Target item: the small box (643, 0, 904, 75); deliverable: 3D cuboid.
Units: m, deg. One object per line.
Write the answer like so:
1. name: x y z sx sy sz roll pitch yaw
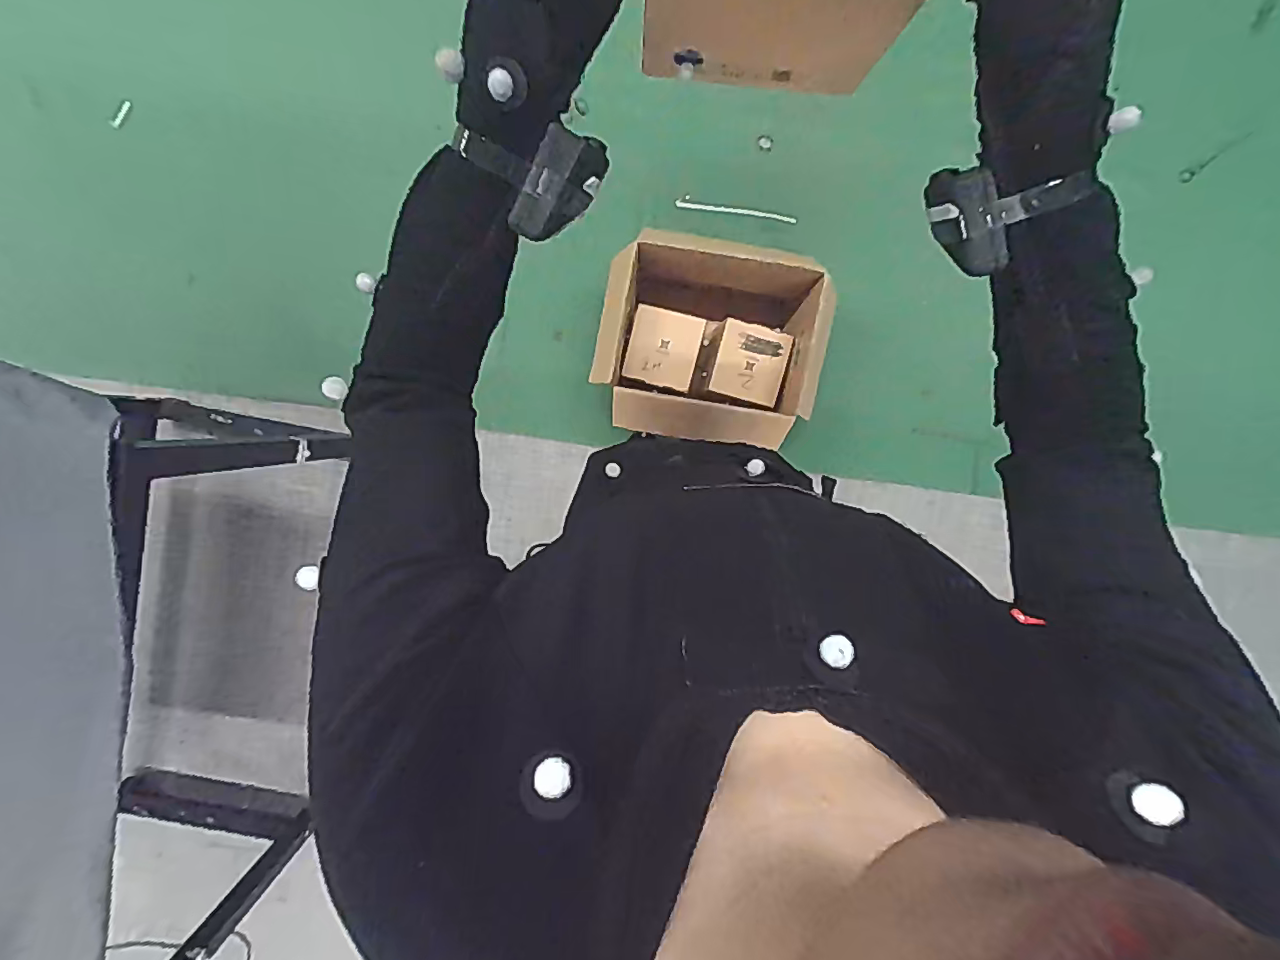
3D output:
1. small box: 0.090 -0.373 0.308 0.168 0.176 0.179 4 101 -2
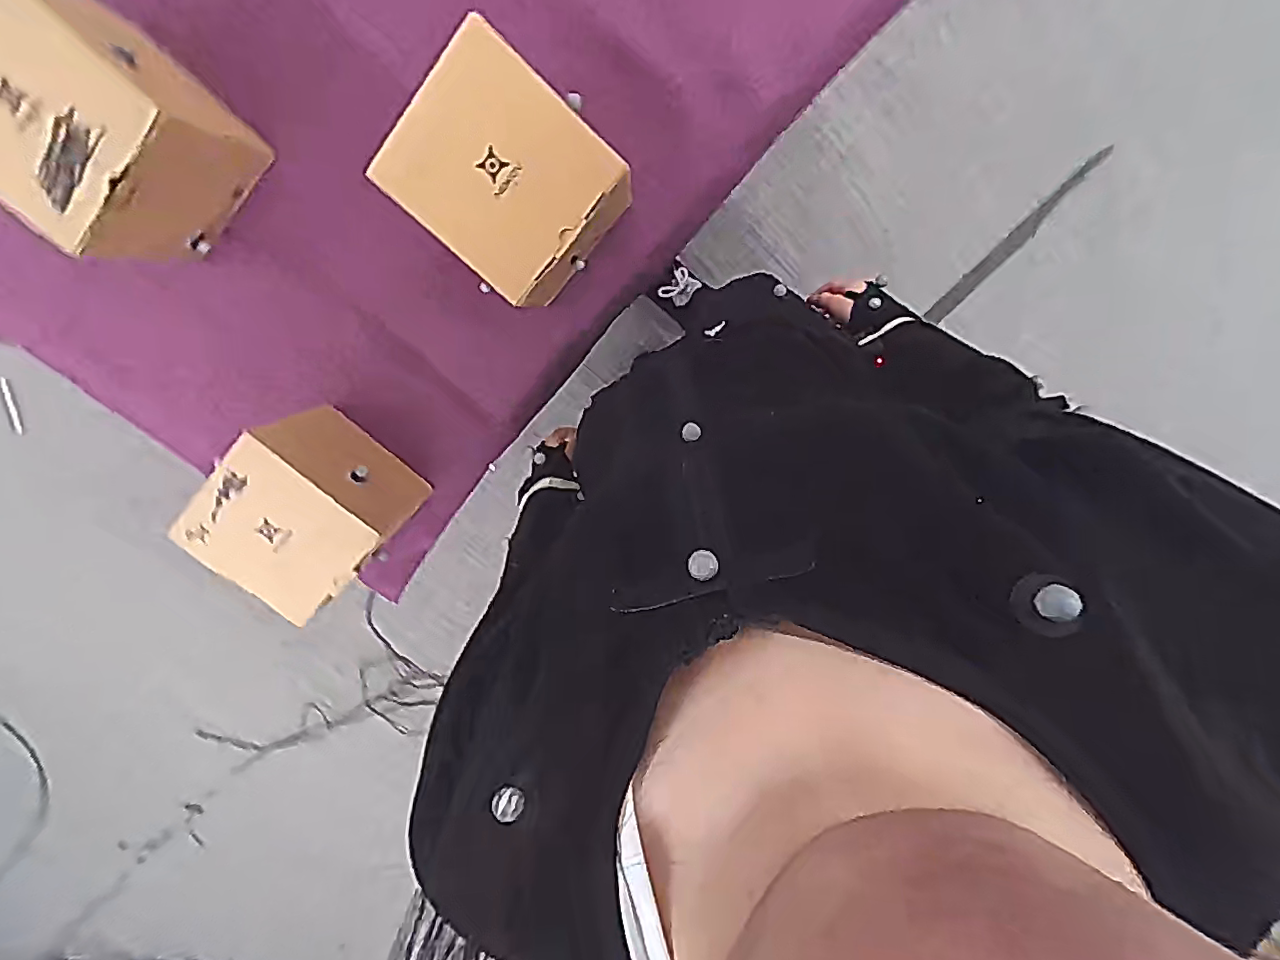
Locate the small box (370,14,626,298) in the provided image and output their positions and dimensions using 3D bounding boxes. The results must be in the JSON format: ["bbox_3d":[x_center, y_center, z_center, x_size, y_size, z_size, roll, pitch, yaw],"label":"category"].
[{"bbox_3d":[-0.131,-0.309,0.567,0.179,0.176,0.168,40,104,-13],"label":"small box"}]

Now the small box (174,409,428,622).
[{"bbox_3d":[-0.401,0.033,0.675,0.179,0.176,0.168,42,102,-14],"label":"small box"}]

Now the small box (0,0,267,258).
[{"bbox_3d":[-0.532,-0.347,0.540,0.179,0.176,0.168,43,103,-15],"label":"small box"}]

▶ [What needs to be done]: Copy out all of the listing word for word, but skip the images.

▶ [Problem solution]:
Target item: the small box (643, 0, 904, 75); deliverable: 3D cuboid.
Units: m, deg. One object per line.
Write the answer like so:
1. name: x y z sx sy sz roll pitch yaw
3D output:
1. small box: 0.090 -0.373 0.308 0.168 0.176 0.179 4 101 -2
Locate the small box (370,14,626,298) in the provided image and output their positions and dimensions using 3D bounding boxes. The results must be in the JSON format: ["bbox_3d":[x_center, y_center, z_center, x_size, y_size, z_size, roll, pitch, yaw],"label":"category"].
[{"bbox_3d":[-0.131,-0.309,0.567,0.179,0.176,0.168,40,104,-13],"label":"small box"}]

Now the small box (174,409,428,622).
[{"bbox_3d":[-0.401,0.033,0.675,0.179,0.176,0.168,42,102,-14],"label":"small box"}]

Now the small box (0,0,267,258).
[{"bbox_3d":[-0.532,-0.347,0.540,0.179,0.176,0.168,43,103,-15],"label":"small box"}]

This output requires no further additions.